Now let’s look at the relationship between income and education level.
ggplot(data = brfss2013,aes(x=X_educag, fill=X_incomg)) + geom_bar(na.rm = TRUE, position = 'fill')+theme(axis.text.x=element_text(angle = -90, hjust = 0)) + xlab('Education') + ylab('Proportion')+
scale_fill_discrete(name="Income category")
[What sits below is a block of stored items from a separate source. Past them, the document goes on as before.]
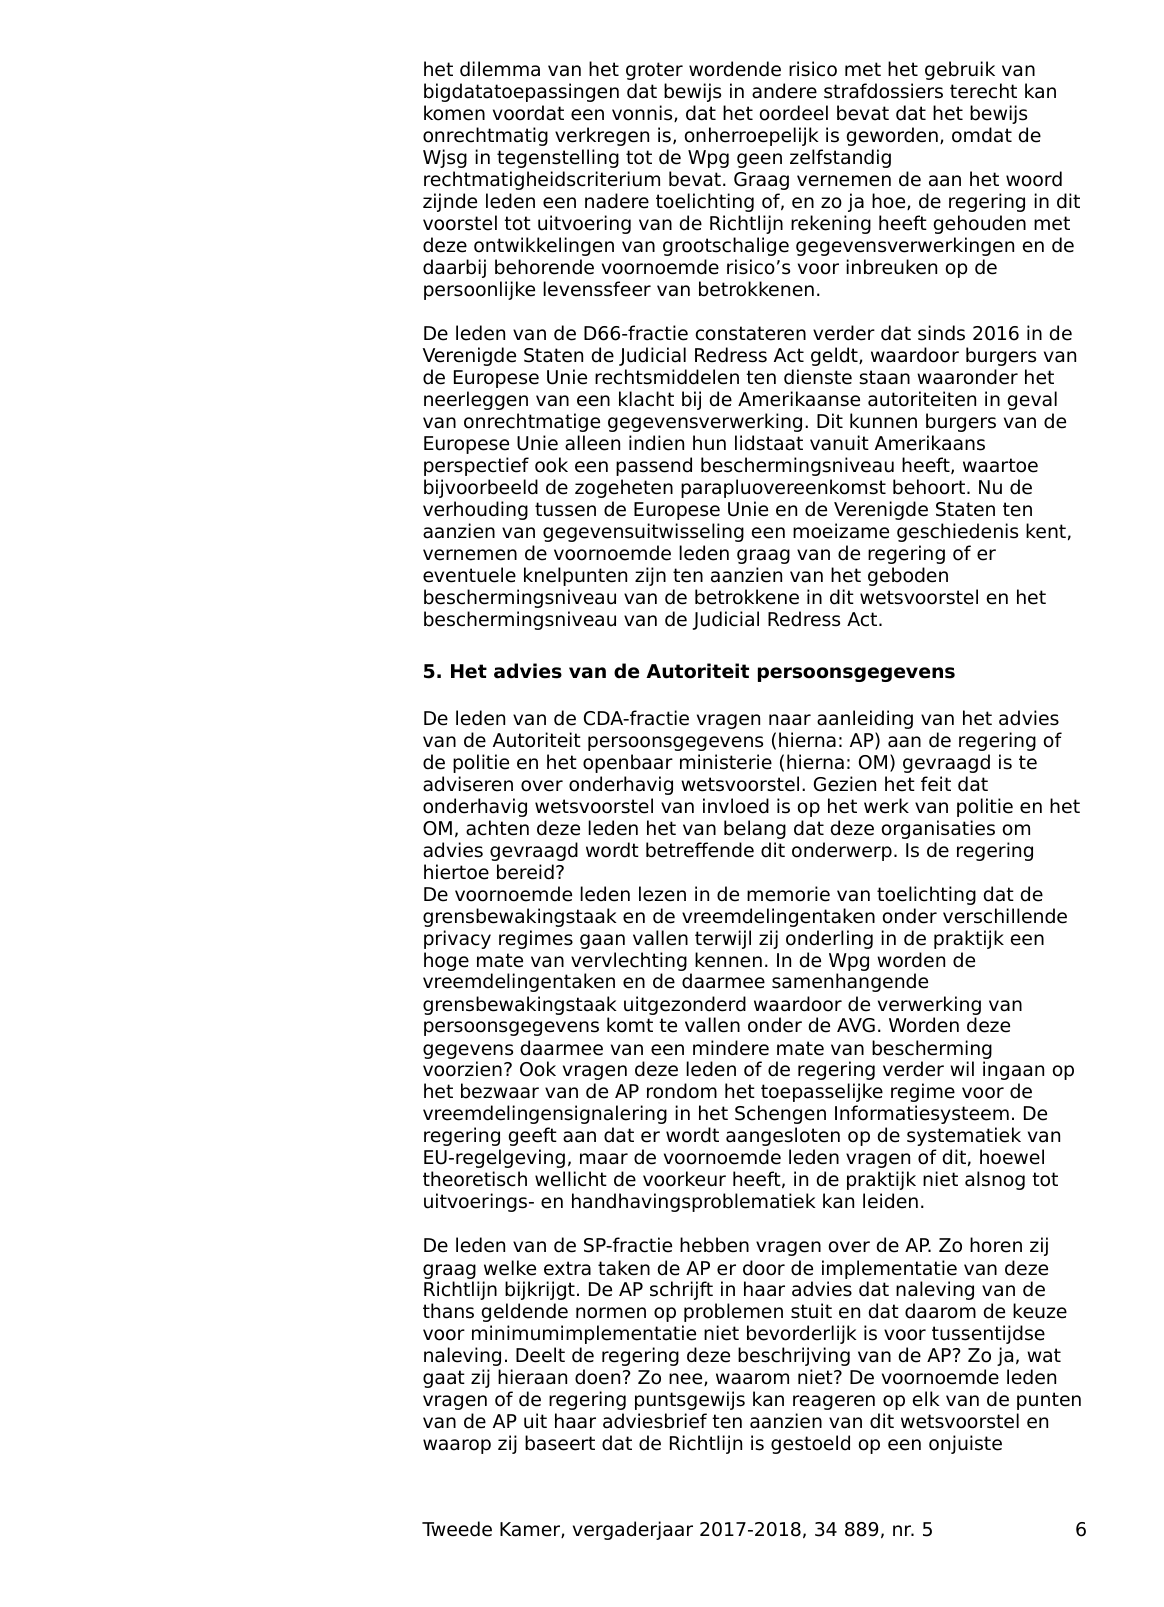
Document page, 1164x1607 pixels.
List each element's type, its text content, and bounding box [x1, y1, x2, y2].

text De voornoemde leden lezen in de memorie van toelichting dat de grensbewakingstaak en de vreemdelingentaken onder verschillende privacy regimes gaan vallen terwijl zij onderling in de praktijk een hoge mate van vervlechting kennen. In de Wpg worden de vreemdelingentaken en de daarmee samenhangende grensbewakingstaak uitgezonderd waardoor de verwerking van persoonsgegevens komt te vallen onder de AVG. Worden deze gegevens daarmee van een mindere mate van bescherming voorzien? Ook vragen deze leden of de regering verder wil ingaan op het bezwaar van de AP rondom het toepasselijke regime voor de vreemdelingensignalering in het Schengen Informatiesysteem. De regering geeft aan dat er wordt aangesloten op de systematiek van EU-regelgeving, maar de voornoemde leden vragen of dit, hoewel theoretisch wellicht de voorkeur heeft, in de praktijk niet alsnog tot uitvoerings- en handhavingsproblematiek kan leiden. [422, 883, 1087, 1213]
subtitle 5. Het advies van de Autoriteit persoonsgegevens [422, 661, 1087, 683]
text De leden van de D66-fractie constateren verder dat sinds 2016 in de Verenigde Staten de Judicial Redress Act geldt, waardoor burgers van de Europese Unie rechtsmiddelen ten dienste staan waaronder het neerleggen van een klacht bij de Amerikaanse autoriteiten in geval van onrechtmatige gegevensverwerking. Dit kunnen burgers van de Europese Unie alleen indien hun lidstaat vanuit Amerikaans perspectief ook een passend beschermingsniveau heeft, waartoe bijvoorbeeld de zogeheten parapluovereenkomst behoort. Nu de verhouding tussen de Europese Unie en de Verenigde Staten ten aanzien van gegevensuitwisseling een moeizame geschiedenis kent, vernemen de voornoemde leden graag van de regering of er eventuele knelpunten zijn ten aanzien van het geboden beschermingsniveau van de betrokkene in dit wetsvoorstel en het beschermingsniveau van de Judicial Redress Act. [422, 323, 1087, 631]
text De leden van de SP-fractie hebben vragen over de AP. Zo horen zij graag welke extra taken de AP er door de implementatie van deze Richtlijn bijkrijgt. De AP schrijft in haar advies dat naleving van de thans geldende normen op problemen stuit en dat daarom de keuze voor minimumimplementatie niet bevorderlijk is voor tussentijdse naleving. Deelt de regering deze beschrijving van de AP? Zo ja, wat gaat zij hieraan doen? Zo nee, waarom niet? De voornoemde leden vragen of de regering puntsgewijs kan reageren op elk van de punten van de AP uit haar adviesbrief ten aanzien van dit wetsvoorstel en waarop zij baseert dat de Richtlijn is gestoeld op een onjuiste [422, 1235, 1087, 1455]
text het dilemma van het groter wordende risico met het gebruik van bigdatatoepassingen dat bewijs in andere strafdossiers terecht kan komen voordat een vonnis, dat het oordeel bevat dat het bewijs onrechtmatig verkregen is, onherroepelijk is geworden, omdat de Wjsg in tegenstelling tot de Wpg geen zelfstandig rechtmatigheidscriterium bevat. Graag vernemen de aan het woord zijnde leden een nadere toelichting of, en zo ja hoe, de regering in dit voorstel tot uitvoering van de Richtlijn rekening heeft gehouden met deze ontwikkelingen van grootschalige gegevensverwerkingen en de daarbij behorende voornoemde risico’s voor inbreuken op de persoonlijke levenssfeer van betrokkenen. [422, 59, 1087, 301]
text De leden van de CDA-fractie vragen naar aanleiding van het advies van de Autoriteit persoonsgegevens (hierna: AP) aan de regering of de politie en het openbaar ministerie (hierna: OM) gevraagd is te adviseren over onderhavig wetsvoorstel. Gezien het feit dat onderhavig wetsvoorstel van invloed is op het werk van politie en het OM, achten deze leden het van belang dat deze organisaties om advies gevraagd wordt betreffende dit onderwerp. Is de regering hiertoe bereid? [422, 708, 1087, 883]

Cleary income is positively correlated to education level. Of those who did not graduate high school, less than 5% have income > 50K per year, while of those who graduated college or technical school, about ~65% have income>50K. Let’s see if this behaviour is the same regardless of sex.
MF = c('Male','Female')
ggplot(data = brfss2013[brfss2013$sex %in% MF,],aes(x=X_educag, fill=X_incomg)) + geom_bar(na.rm = TRUE, position = 'fill')+theme(axis.text.x=element_text(angle = -90, hjust = 0)) + xlab('Education') + ylab('Proportion')+ scale_fill_discrete(name="Income category") + facet_wrap(~sex)

The plots look similar for both sexes, although females in general have lower income than males in every education category (look at red and pink in each bar).